Footprints: A case of mistaken identities?


A CHAK 28/2R resident, Ghulam Murtaza, points towards the place where the ‘shootout’ took place

A CHAK 28/2R resident, Ghulam Murtaza, points towards the place where the ‘shootout’ took place – Photo by writer

OKARA: In the midst of lush green fields in Chak 28/2R — one of the several villages that make up Okara’s Kulyana Military Estate — sits a decrepit cemented structure, the outhouse where the Okara police claim the six terrorists they had killed during a ‘shootout’ in the early hours of July 13 were hiding.

Many villagers speaking to Dawn recall how they were woken up by speeding police trucks and jeeps late in the night. None dared to step out, and only learnt about the “raid and gunfight” the next morning, after the bodies of the suspects had already been removed.

“It was in the dead of the night when we heard police vehicles racing in the direction of the outhouse,” says Dilshad Ali, a village resident.

The outhouse belongs to a retired army major, Faqir Hussain, who, like other military officers, was allotted land in the Kulyana Estate around 20 years ago. But it has been in possession of two Anjuman Muzaraeen Punjab (AMP) leaders — Saleem Jhakkar, who has been in jail for the last year and a half, and his brother Naeem.

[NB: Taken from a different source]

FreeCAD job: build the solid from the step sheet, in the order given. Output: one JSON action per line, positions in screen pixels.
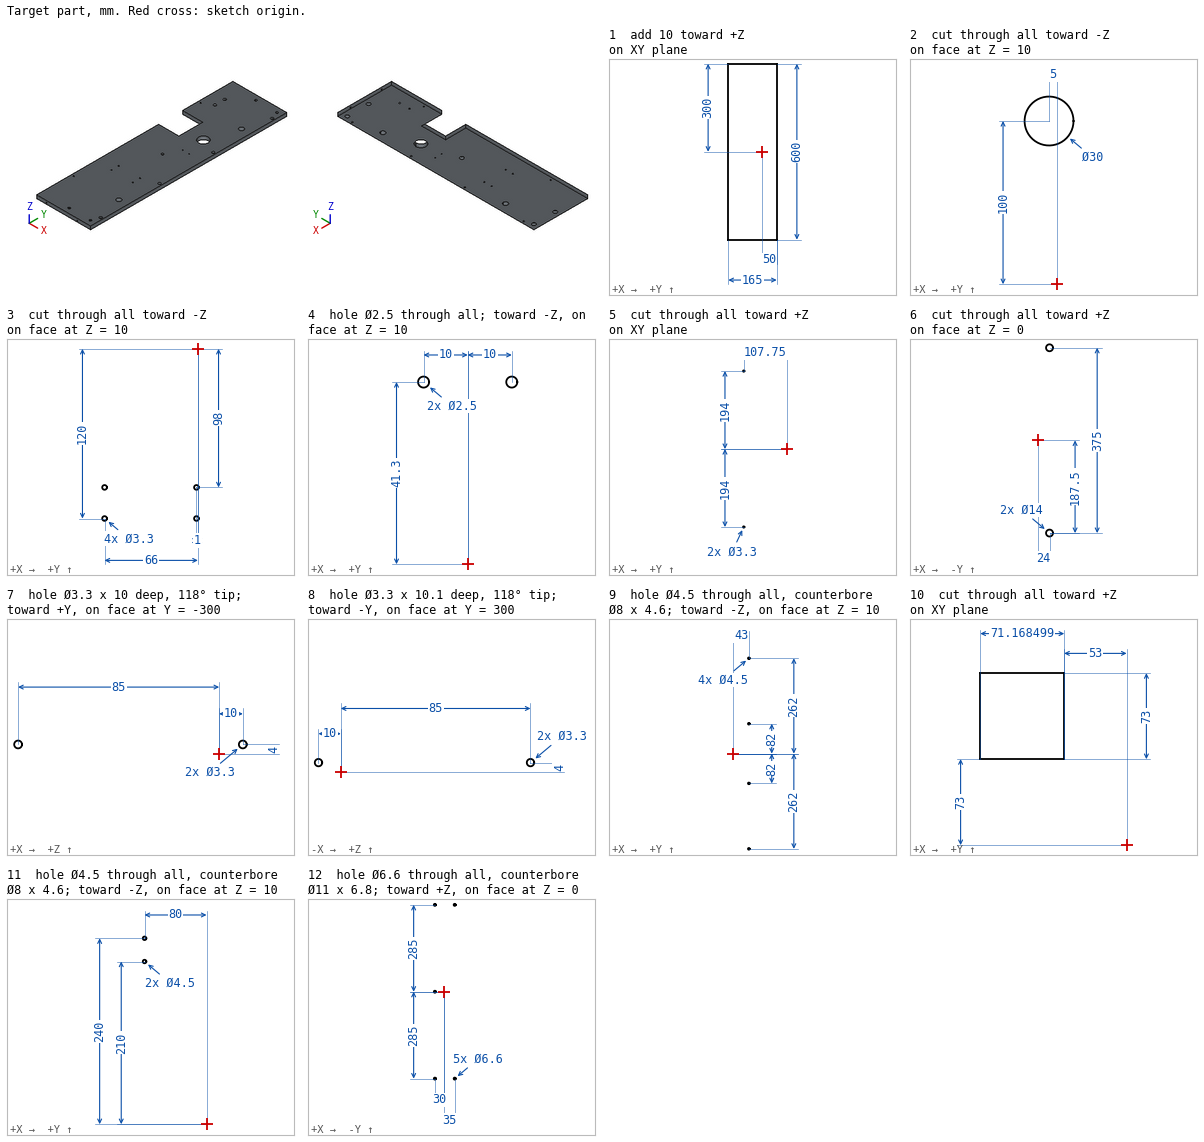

It was in 2009 when the retired major’s men allegedly shot dead three protesting tenants over a land rent dispute, after which Faqir Hussain has never been able to return to the village. “The tenants, led by Saleem, grabbed all my land eight years ago. I tried every available option but neither the military nor the provincial government helped me regain possession of the land I made cultivable after almost 10 years of hard work. The police are on the side of the tenants, and the courts haven’t helped either,” he says.

According to police claims, Naeem had given shelter to the suspects at the outhouse. “He fled the place after the raid and is now a fugitive,” says a senior Okara police official. Some say the government has announced a reward of up to Rs1 million for information that may lead to his arrest.

AMP activist Ghulam Murtaza says no one has any knowledge of the whereabouts of the families of the AMP leaders. “Only the police can tell whether they are hiding or are in their custody,” he says.

There are more than 50 policemen lounging in the AMP leader’s home; their officer-in-charge seems unhappy to see a newspaper team asking his men about the whereabouts of the family of the owner. “We were brought here the morning after the encounter with terrorists and don’t know anything,” he says. “Talk to our seniors if you want any details; we cannot help you.”

Murtaza, like other villagers, rules out even the “remotest possibility of the presence of suspects at the outhouse before the police arrived,” insisting that neither any AMP leader nor the tenants have anything to do with religious militants.

“It is a lame effort to start a witch-hunt against Naeem and the rest of the AMP leadership [in Okara] to break the back of our movement for land rights, and evict us from the land we have been tilling for more than four generations. We are not terrorists. Nor are our leaders, as the police would want the world to believe,” he says.

There is hardly any evidence at the outhouse to corroborate the police’s claim that a fierce gunfight between security forces and suspected terrorists took place there less than a week ago. There are a few large bloodstains on the ground of the verandah, and on the bedcloth inside the room; no bullet marks can be seen on the outer walls. The room has been stripped down and appears to have been out of use for quite some time.

A news agency report has quoted the management of Lal Masjid that two of the six suspects killed in the encounter were employees of Jamia Hafsa and had been in custody of security forces for several months. This development has lent further credence to the villagers’ claim that the shootout was no more than a case of “custody killings”.

Police, however, say intelligence was provided by the Inter-Services Intelligence (ISI). “The raid was carried out jointly by the counter-terrorism department, local police, and ISI officials,” says a senior police official, unwilling to be identified.

A leader of the Awami Workers’ Party (AWP), Farooq Tariq, who has been working with tenants of the Okara military farms for their land rights since the movement began 15 years ago, also says the incident was “staged” and is an attempt by the military farm administration, with the aid of the police, to force tenants to strike a deal with the Kulyana Estate allottees on their conditions.

A few days after the Kulyana Estate village ‘operation’, police and military personnel raided the house of Mehr Abdul Sattar in Chak 4/4L. Sattar has been in jail since April when he tried to organise a peasant convention. “Police had not found anything in Sattar’s home when they raided it to arrest him. But after the so-called Kulyana shootout, they claim to have recovered weapons and Indian currency. Doesn’t their story baffle you?” says the AWP leader.

“If the authorities think they can scare tenants by labelling their leaders as Indian agents, or framing them in false cases by using high-handed tactics, they are grossly mistaken.”